彼は、彼だけは、私にもみんなと同じように接してくれた。それが、うれしかった。私もちゃんと人間なのだと、認めてもらえたようで。私も除け者じゃないんだって分かって。
気が付けば、両目にほんのりと温かさを感じていた。涙だ。泣いているのだ、この私が。
視界が霞む前にそれを啜り上げようとするが、うまくいかない。ぽたぽたと、足元に滴っていく。
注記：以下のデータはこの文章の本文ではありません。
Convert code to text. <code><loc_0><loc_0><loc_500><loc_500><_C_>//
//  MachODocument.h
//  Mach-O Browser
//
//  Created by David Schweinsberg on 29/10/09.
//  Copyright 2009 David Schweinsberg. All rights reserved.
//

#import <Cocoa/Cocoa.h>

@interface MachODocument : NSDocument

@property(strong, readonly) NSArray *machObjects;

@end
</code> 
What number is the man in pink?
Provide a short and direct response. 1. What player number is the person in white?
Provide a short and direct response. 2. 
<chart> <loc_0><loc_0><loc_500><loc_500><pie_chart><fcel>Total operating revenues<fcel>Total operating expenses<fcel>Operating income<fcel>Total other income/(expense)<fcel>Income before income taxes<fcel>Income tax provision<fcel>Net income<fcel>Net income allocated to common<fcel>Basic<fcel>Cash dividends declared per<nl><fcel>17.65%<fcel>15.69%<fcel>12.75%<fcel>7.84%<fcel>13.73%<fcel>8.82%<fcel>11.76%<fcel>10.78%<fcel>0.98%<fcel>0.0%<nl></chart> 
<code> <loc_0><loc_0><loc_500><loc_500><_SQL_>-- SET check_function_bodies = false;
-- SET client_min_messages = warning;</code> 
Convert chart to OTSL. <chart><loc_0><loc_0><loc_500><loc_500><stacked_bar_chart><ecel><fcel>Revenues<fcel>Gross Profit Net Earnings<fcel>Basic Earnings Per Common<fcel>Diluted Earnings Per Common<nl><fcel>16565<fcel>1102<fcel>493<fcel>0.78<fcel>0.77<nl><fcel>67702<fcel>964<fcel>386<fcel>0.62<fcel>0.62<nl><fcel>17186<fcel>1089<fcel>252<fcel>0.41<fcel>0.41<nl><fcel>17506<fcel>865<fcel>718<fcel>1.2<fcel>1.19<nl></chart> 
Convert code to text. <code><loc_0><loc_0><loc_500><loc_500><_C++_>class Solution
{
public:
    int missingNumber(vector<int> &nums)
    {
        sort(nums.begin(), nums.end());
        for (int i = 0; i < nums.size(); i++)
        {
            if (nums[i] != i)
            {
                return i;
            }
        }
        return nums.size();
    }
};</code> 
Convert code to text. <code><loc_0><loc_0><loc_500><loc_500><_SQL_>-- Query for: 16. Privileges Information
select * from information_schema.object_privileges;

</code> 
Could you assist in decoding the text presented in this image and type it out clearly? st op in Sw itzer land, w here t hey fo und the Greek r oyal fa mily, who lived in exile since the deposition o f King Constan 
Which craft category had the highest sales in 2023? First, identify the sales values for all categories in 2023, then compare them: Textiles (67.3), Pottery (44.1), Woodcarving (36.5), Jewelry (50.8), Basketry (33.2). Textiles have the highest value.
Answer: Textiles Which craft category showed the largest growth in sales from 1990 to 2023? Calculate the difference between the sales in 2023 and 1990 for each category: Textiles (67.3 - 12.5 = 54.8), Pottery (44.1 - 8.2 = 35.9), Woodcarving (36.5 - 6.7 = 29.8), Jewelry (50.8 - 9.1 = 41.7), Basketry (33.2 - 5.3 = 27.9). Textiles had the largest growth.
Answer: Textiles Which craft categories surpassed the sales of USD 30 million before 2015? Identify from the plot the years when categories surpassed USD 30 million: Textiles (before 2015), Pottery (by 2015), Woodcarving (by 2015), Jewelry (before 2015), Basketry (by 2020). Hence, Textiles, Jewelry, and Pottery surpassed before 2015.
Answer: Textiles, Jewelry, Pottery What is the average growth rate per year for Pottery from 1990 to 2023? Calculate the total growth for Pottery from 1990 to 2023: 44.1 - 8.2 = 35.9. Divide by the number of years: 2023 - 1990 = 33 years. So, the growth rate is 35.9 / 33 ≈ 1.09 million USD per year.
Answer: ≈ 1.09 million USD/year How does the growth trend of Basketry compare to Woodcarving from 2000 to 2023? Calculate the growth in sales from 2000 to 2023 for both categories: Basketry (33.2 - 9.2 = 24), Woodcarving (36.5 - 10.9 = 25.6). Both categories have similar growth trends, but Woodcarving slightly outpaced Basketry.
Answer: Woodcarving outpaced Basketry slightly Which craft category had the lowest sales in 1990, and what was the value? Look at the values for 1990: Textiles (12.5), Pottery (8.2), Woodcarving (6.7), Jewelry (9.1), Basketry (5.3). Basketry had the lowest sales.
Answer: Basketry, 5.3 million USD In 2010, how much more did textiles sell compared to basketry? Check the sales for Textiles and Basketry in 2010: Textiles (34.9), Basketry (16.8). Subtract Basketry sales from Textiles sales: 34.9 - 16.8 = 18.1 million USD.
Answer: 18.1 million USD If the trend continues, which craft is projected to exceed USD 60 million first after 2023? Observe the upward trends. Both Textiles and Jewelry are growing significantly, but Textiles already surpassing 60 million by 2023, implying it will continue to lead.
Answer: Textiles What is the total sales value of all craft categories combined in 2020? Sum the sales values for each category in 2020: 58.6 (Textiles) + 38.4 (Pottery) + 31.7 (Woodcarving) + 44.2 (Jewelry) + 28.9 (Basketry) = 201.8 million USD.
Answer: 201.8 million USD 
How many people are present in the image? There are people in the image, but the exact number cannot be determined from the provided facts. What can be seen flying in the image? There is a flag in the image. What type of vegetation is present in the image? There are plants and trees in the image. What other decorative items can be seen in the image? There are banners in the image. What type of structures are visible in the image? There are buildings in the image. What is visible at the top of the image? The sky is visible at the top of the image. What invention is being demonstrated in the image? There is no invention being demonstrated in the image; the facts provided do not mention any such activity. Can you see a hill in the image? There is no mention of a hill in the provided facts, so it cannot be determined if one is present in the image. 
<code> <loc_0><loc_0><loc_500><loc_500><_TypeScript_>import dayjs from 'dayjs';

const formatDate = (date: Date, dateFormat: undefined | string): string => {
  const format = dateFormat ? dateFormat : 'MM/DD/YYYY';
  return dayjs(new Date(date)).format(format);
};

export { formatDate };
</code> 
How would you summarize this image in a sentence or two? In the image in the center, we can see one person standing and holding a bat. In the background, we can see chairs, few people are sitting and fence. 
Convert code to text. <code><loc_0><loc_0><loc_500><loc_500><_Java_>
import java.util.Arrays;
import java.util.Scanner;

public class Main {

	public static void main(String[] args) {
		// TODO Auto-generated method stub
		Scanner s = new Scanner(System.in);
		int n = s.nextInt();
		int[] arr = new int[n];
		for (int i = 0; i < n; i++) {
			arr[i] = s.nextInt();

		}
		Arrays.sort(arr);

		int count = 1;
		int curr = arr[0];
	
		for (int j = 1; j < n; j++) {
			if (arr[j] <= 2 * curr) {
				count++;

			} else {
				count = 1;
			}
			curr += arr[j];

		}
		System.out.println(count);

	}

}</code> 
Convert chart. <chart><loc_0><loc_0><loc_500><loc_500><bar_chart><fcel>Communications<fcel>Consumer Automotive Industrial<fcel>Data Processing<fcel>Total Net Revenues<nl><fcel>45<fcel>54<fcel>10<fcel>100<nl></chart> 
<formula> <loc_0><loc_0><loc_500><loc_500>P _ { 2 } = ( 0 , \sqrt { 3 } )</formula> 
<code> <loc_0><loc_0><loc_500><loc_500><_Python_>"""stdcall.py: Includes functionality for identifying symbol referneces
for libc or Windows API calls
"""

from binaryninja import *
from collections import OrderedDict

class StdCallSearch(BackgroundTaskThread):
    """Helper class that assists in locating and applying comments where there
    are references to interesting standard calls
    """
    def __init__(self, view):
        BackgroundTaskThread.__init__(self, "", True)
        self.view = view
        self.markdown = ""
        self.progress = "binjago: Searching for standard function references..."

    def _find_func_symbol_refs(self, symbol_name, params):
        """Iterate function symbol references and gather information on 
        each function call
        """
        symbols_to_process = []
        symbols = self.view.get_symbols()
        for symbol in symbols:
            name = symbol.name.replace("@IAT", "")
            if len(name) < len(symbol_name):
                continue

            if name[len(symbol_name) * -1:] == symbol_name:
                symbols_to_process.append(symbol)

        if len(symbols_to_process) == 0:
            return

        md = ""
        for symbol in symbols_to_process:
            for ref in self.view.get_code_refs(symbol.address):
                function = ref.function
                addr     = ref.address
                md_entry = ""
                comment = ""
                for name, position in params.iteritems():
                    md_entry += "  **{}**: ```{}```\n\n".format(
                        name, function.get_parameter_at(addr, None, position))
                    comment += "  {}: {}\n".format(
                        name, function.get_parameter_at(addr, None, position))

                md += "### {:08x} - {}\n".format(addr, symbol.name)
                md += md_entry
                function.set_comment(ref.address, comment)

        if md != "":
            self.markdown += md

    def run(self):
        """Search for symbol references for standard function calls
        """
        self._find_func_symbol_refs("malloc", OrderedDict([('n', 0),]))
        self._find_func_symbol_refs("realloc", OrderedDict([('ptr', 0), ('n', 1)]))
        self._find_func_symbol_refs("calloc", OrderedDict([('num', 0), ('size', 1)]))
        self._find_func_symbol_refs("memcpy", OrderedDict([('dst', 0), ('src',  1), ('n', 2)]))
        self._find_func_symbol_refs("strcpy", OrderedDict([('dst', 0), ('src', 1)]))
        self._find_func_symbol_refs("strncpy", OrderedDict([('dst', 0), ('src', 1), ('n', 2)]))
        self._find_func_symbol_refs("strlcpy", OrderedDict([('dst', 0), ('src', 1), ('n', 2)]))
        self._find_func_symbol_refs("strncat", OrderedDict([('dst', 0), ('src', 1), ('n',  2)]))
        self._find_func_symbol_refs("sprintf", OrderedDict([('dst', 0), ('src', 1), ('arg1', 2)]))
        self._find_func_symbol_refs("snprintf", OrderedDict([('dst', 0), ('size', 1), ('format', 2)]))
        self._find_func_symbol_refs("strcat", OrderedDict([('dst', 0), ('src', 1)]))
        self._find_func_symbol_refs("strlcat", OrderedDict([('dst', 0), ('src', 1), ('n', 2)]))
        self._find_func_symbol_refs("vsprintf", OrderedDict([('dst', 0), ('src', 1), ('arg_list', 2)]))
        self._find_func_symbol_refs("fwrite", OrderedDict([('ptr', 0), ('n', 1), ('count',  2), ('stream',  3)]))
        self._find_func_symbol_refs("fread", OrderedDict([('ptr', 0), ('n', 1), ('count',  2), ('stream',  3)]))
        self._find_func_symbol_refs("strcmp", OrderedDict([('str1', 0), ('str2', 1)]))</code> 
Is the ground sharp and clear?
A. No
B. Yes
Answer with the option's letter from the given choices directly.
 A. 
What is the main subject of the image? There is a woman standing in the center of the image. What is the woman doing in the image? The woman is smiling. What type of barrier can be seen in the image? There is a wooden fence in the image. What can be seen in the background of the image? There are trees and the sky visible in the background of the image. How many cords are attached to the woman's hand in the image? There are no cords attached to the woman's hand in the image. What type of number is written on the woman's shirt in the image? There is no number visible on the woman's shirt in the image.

「私はあなたが、早見 読が好き!!だから、だから……」
付き合って、というのが正しいのだろうか。いやきっと、そうじゃない。今彼にかけるべき言葉は、もっと別にある。
涙を抑えて、深呼吸をした。
そしてにっこりと笑った。私だって、彼と同じ表情にあまり出ないタイプなのに。
「行ってらっしゃい」
早見くんは鳩が豆鉄砲を喰らったような顔をしていた。そんなに彼の度肝を抜いてしまったのだろうか。
けど、すぐに私に笑顔を返してくれた。
「行ってきます」
翌日、私は兄の会社のデスクで仕事をしていた。4月から私もここに入社する予定だったので、ちょっと書類を覗きに来たのだ。
「ん?月夜ちゃん?今日は早見くんのお見送りじゃなかったっけ?」
社長室から出てきた兄に話かけられ、振り向くことすらなく答える。
「お別れなら、昨日ちゃんと言ってきたわよ。もっとも、これをしばらくのお別れにするつもりはないけれど」
兄の目の前で、私は社員の名簿から自分の名前を消した。
兄は驚くことすらなく、やれやれ仕方のないやつだと言いたげに息を吐いた。
「それが君のやりたい事なら、好きにすればいいさ」
「ええ、いつもありがとう」
お礼を一つ返すと、今度は死ぬほど目を見開いていた。確かに今まで生きてきて、兄にお礼を言った記憶などなかった。
「じゃあ、私も準備してくるわね」
調べてみたら、まだ間に合った。今からでも遅くない。早見 読と同じ大学の入試を受けるのは。
私も、東京に行く。彼を一番近くで、支えていたいから。